Transcribe all of the data verbatim, please, and leave out its pictures.

LISTED ENTRIES ▸
--- START ---

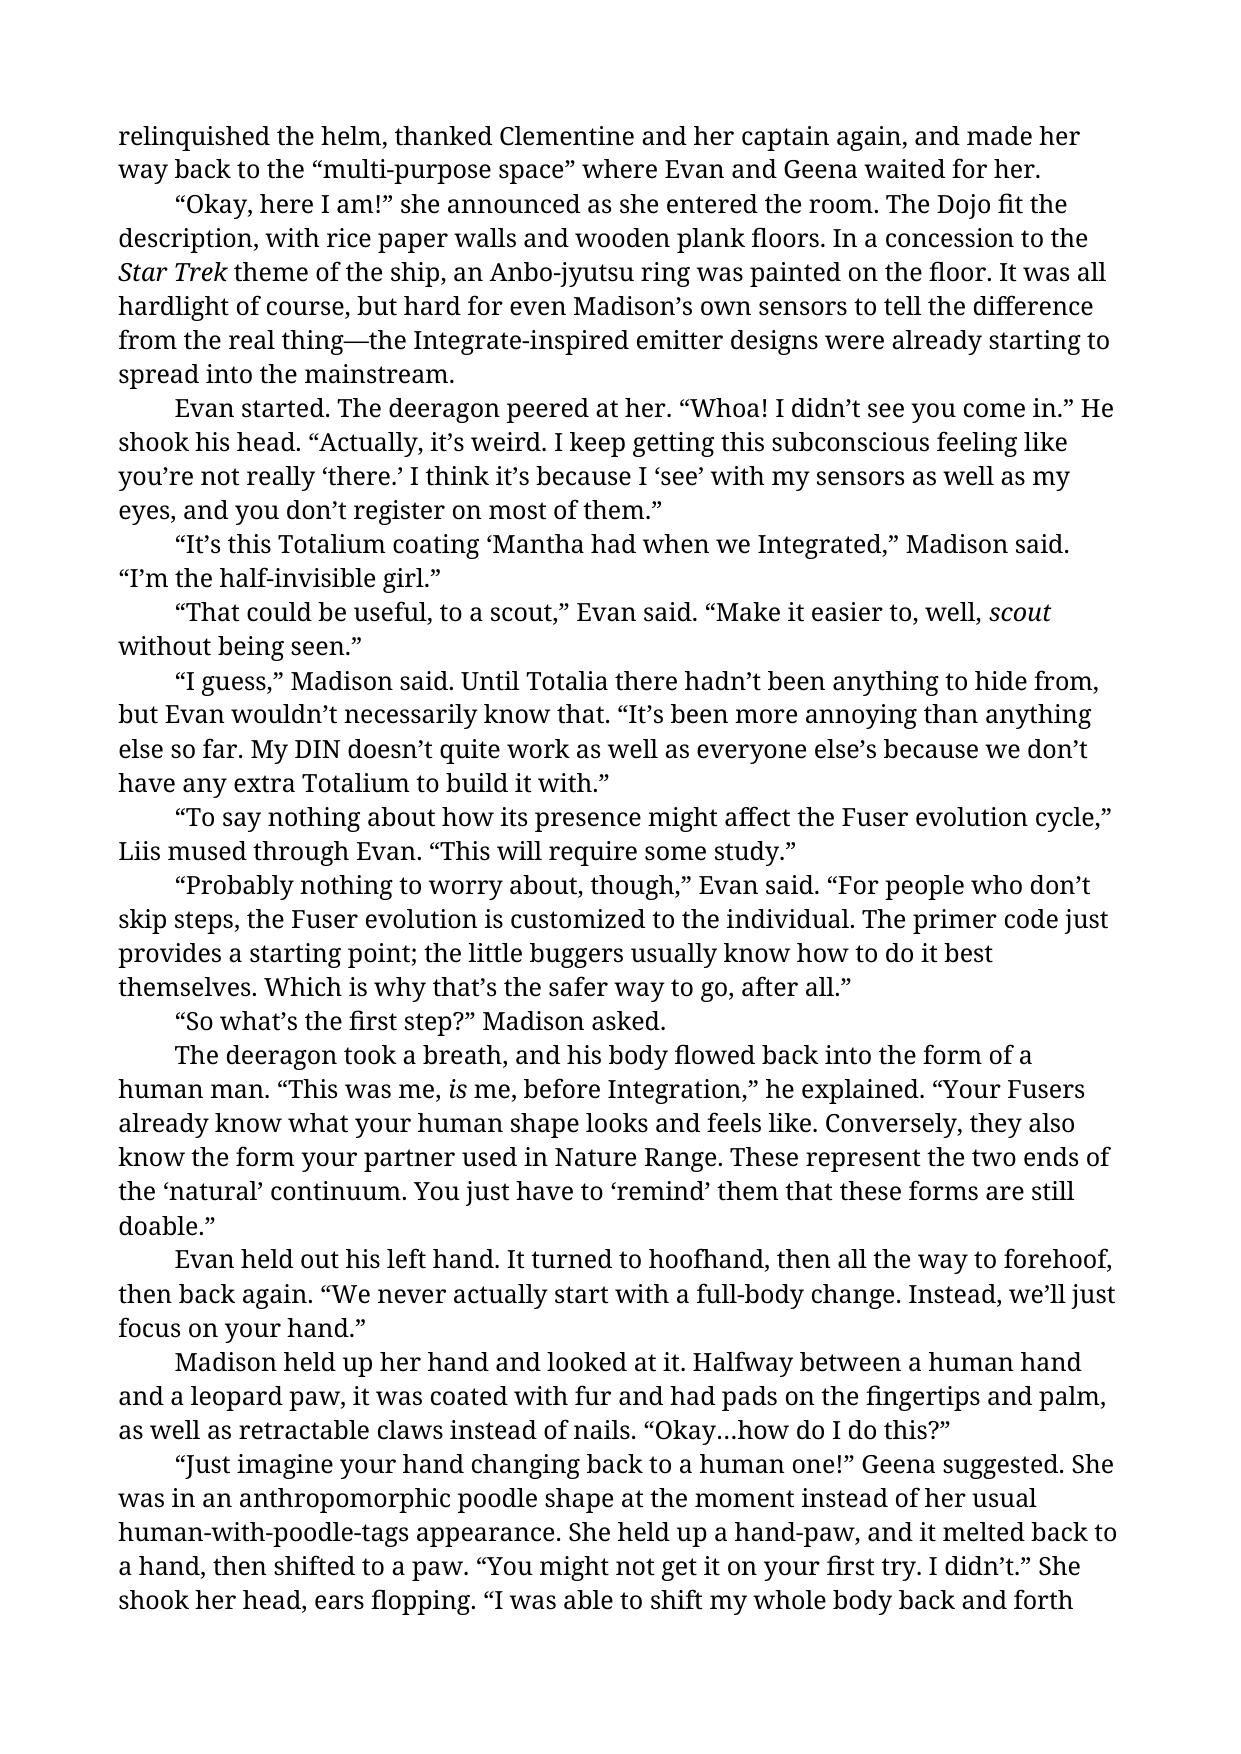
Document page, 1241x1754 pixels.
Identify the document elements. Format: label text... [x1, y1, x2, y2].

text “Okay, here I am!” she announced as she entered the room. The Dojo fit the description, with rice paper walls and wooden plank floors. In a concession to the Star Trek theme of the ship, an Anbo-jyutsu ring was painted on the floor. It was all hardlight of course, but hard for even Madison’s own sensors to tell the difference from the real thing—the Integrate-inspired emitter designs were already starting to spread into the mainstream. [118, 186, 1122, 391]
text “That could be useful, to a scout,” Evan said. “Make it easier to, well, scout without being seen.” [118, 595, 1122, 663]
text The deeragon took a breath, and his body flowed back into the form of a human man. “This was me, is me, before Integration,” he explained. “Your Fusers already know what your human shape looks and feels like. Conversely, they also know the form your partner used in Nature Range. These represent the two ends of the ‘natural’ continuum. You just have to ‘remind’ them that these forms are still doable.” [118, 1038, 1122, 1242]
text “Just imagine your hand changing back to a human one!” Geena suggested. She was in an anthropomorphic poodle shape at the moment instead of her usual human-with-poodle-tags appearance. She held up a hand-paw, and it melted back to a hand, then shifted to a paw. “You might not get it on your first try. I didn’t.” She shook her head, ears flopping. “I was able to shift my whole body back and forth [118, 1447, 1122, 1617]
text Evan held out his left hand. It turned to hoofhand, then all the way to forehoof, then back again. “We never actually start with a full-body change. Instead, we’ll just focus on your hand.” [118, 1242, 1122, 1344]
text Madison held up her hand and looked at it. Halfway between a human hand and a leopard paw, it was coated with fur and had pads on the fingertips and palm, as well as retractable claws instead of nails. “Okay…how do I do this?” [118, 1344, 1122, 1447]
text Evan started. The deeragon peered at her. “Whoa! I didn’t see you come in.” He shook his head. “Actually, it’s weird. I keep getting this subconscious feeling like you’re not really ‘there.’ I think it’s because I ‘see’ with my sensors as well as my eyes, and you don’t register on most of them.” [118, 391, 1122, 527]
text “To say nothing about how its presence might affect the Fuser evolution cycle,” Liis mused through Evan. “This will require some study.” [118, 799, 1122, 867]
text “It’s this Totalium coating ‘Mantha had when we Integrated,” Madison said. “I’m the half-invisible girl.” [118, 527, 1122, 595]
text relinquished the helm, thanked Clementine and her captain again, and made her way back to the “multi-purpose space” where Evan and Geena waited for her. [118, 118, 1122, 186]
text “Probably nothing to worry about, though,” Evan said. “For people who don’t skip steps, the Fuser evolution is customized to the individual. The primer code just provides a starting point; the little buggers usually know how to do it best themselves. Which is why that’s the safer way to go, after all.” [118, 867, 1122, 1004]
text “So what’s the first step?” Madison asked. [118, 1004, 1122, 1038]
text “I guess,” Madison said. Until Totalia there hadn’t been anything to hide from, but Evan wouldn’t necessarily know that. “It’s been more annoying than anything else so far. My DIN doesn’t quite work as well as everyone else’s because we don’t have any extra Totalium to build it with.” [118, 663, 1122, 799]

--- END ---

PROBLEM SOLUTION ▸
Document page, 1241x1754 pixels.
Identify the document elements. Format: label text... [x1, y1, x2, y2].

text “Okay, here I am!” she announced as she entered the room. The Dojo fit the description, with rice paper walls and wooden plank floors. In a concession to the Star Trek theme of the ship, an Anbo-jyutsu ring was painted on the floor. It was all hardlight of course, but hard for even Madison’s own sensors to tell the difference from the real thing—the Integrate-inspired emitter designs were already starting to spread into the mainstream. [118, 186, 1122, 391]
text “That could be useful, to a scout,” Evan said. “Make it easier to, well, scout without being seen.” [118, 595, 1122, 663]
text The deeragon took a breath, and his body flowed back into the form of a human man. “This was me, is me, before Integration,” he explained. “Your Fusers already know what your human shape looks and feels like. Conversely, they also know the form your partner used in Nature Range. These represent the two ends of the ‘natural’ continuum. You just have to ‘remind’ them that these forms are still doable.” [118, 1038, 1122, 1242]
text “Just imagine your hand changing back to a human one!” Geena suggested. She was in an anthropomorphic poodle shape at the moment instead of her usual human-with-poodle-tags appearance. She held up a hand-paw, and it melted back to a hand, then shifted to a paw. “You might not get it on your first try. I didn’t.” She shook her head, ears flopping. “I was able to shift my whole body back and forth [118, 1447, 1122, 1617]
text Evan held out his left hand. It turned to hoofhand, then all the way to forehoof, then back again. “We never actually start with a full-body change. Instead, we’ll just focus on your hand.” [118, 1242, 1122, 1344]
text Madison held up her hand and looked at it. Halfway between a human hand and a leopard paw, it was coated with fur and had pads on the fingertips and palm, as well as retractable claws instead of nails. “Okay…how do I do this?” [118, 1344, 1122, 1447]
text Evan started. The deeragon peered at her. “Whoa! I didn’t see you come in.” He shook his head. “Actually, it’s weird. I keep getting this subconscious feeling like you’re not really ‘there.’ I think it’s because I ‘see’ with my sensors as well as my eyes, and you don’t register on most of them.” [118, 391, 1122, 527]
text “To say nothing about how its presence might affect the Fuser evolution cycle,” Liis mused through Evan. “This will require some study.” [118, 799, 1122, 867]
text “It’s this Totalium coating ‘Mantha had when we Integrated,” Madison said. “I’m the half-invisible girl.” [118, 527, 1122, 595]
text relinquished the helm, thanked Clementine and her captain again, and made her way back to the “multi-purpose space” where Evan and Geena waited for her. [118, 118, 1122, 186]
text “Probably nothing to worry about, though,” Evan said. “For people who don’t skip steps, the Fuser evolution is customized to the individual. The primer code just provides a starting point; the little buggers usually know how to do it best themselves. Which is why that’s the safer way to go, after all.” [118, 867, 1122, 1004]
text “So what’s the first step?” Madison asked. [118, 1004, 1122, 1038]
text “I guess,” Madison said. Until Totalia there hadn’t been anything to hide from, but Evan wouldn’t necessarily know that. “It’s been more annoying than anything else so far. My DIN doesn’t quite work as well as everyone else’s because we don’t have any extra Totalium to build it with.” [118, 663, 1122, 799]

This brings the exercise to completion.